It’s really cool to see how adding processing considerations to an idealized (i.e., rational) model yields observable behavior. It reminds me of the importance of the different Marr explanation levels, where the algorithmic level is where processing considerations often get added (since these affect the algorithm humans use). A lot of work we’ve read about so far has been at the computational level (where, for example, the Rational Speech Act model typically lives). But in the back in my mind, I’m always thinking about what key differences might emerge once we have the bottleneck of human cognitive constraints.
Some other thoughts:
(1) Introduction, “As they occur in languages with widely different grammatical structures, we can expect that such an explanation will make reference to general principles of human communication and cognition” - I’m completely sympathetic to this approach, though it strikes me as funny that this is the same empirical fact that generativists use to appeal to innate, language-specific mechanisms (i.e., Universal Grammar). That is, the appearance of a pattern like this across the world’s languages is a signal to generativists that a universal language-specific principle is at work. Of course, as Hahn et al. (2018) note, it could well be that the universal principle has an effect on language (here, as adjective ordering constraints) but in fact the principle itself could be domain-general (e.g., something having to do with memory limitations, etc.).
(2) The Function of Subjective Adjectives: I love seeing how to operationalize intuitions formally -- this is a great example. We have a somewhat squishy notion of subjectivity that gets formalized as judgments whose truth is relative to individuals, which subsequently gets implemented as the listener inferring the speaker’s judgment.
(3) A Model of Adjective Use, where the listener infers a full word state that includes multiple people: This seems equivalent to inferring that the adjective is in fact subjective.
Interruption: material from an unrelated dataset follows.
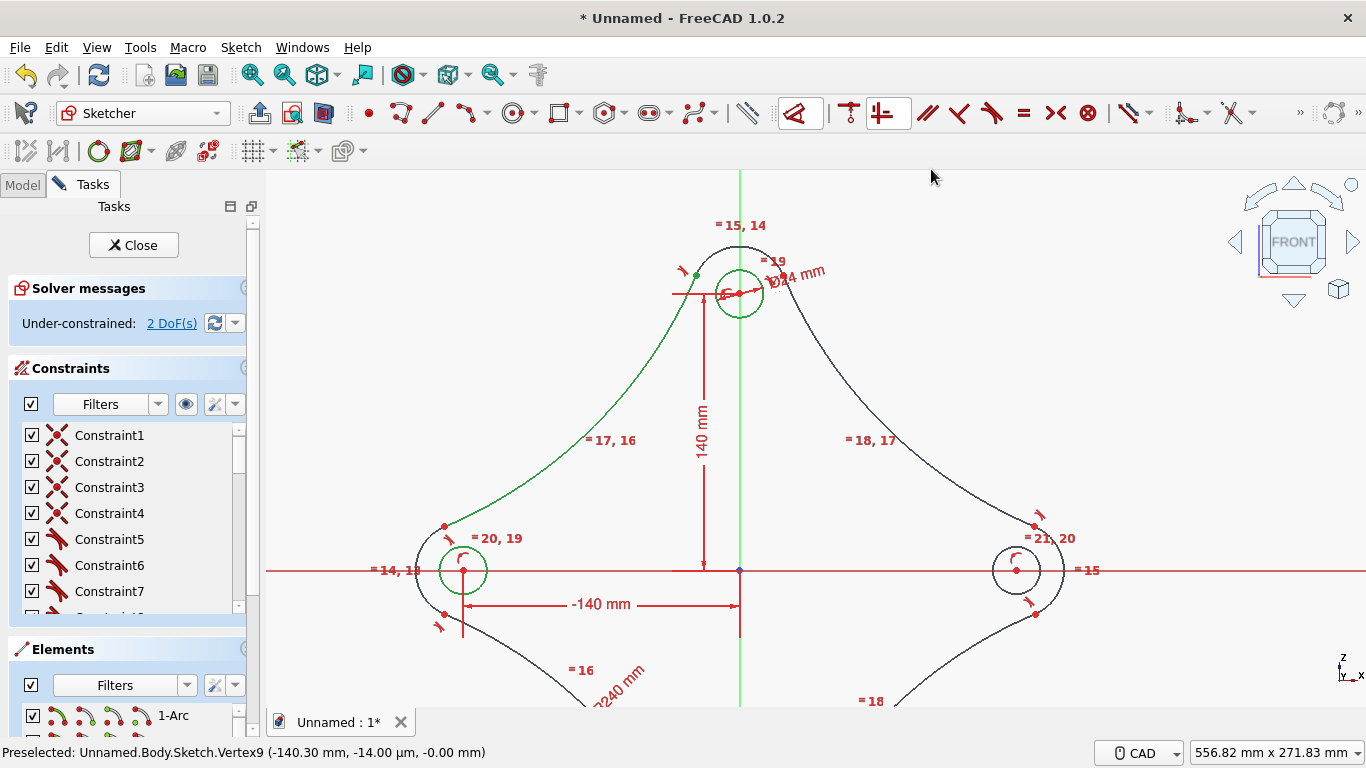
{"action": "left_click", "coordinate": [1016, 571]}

Developmentally, that’s definitely a step kids have to figure out, i.e., is adjective A likely to be something everyone agrees on or not?
(4) Communication: Rational Listeners and Speakers, an RSA model with just L0 and S. So this is just a model of why a speaker chooses to say something, rather than how a pragmatic listener (L1) chooses to interpret it? I wonder why we stop at this level rather than going another layer to a pragmatic speaker (S1) who chooses to say something, based on how a pragmatic listener will interpret it. That’s what we have to do when modeling Truth Value Judgment Tasks (TVJTs), for example. Maybe that’s because TVJTs aren’t normal speech events, but instead involve participants judging what they themselves would say?
(5) Communication: Rational Listeners and Speakers, where a speaker’s utility function is adjusted (from just basic negative surprisal) because she realizes other people’s judgments may be different than others: This part where the expected utility isn’t just negative surprisal may be a developmental step kids would have to complete. That is, if kids realize adjectives can be subjective and other people may disagree, then they’d behave like what’s modeled here. On the other hand, if kids don’t realize adjectives can be subjective, they may simply go with negative surprisal.
(6) Communication: Rational Listeners and Speakers, where the cost is the surprise of utterance u across the community’s language use: This is interesting too -- usually we see cost having to do with individual production costs such as longer utterances being more costly than shorter ones. But of course here, all the utterances are the same length. Instead, what could differ is the frequency of that combination. This seems like a useful aspect to incorporate into speaker models more generally, since frequency in the input can certainly affect ease of production.
(7) Adding Noise: I love seeing how this explanation works, with words further back being more likely to be deleted before the whole phrase can be interpreted. It’s nicely intuitive that more subjective words would be preferred further back, since they lead to more disagreement across listeners. But I wonder how this story would work for languages where the adjectives comes after. In that case, the more subjective adjective is still further away, but this time it’s the one the listener would have heard most recently. So, I think that means the one further in the past would be deleted more often -- in this case, the less subjective one -- and the more subjective one would be likely to survive. And then it becomes weird, because now we get the reverse situation, where the surviving adjective is the one that listeners don’t agree on as much. It seems like this account would predict languages with adjectives occurring after the noun to have the more subjective ones closer to the noun, since they’d be more likely to be forgotten. But that’s not what we see.
There’s a specific note about this in the discussion: “Our account seems to make the correct prediction. In such languages, the noun is more likely to be lost when the second (subjective, in this case) adjective is reached.” -- So is the idea that the listener is just left with the two adjectives and no noun? Why does that lead to the correct order of noun-less_subjective_adj-more_subjective_adj, from a communicative standpoint?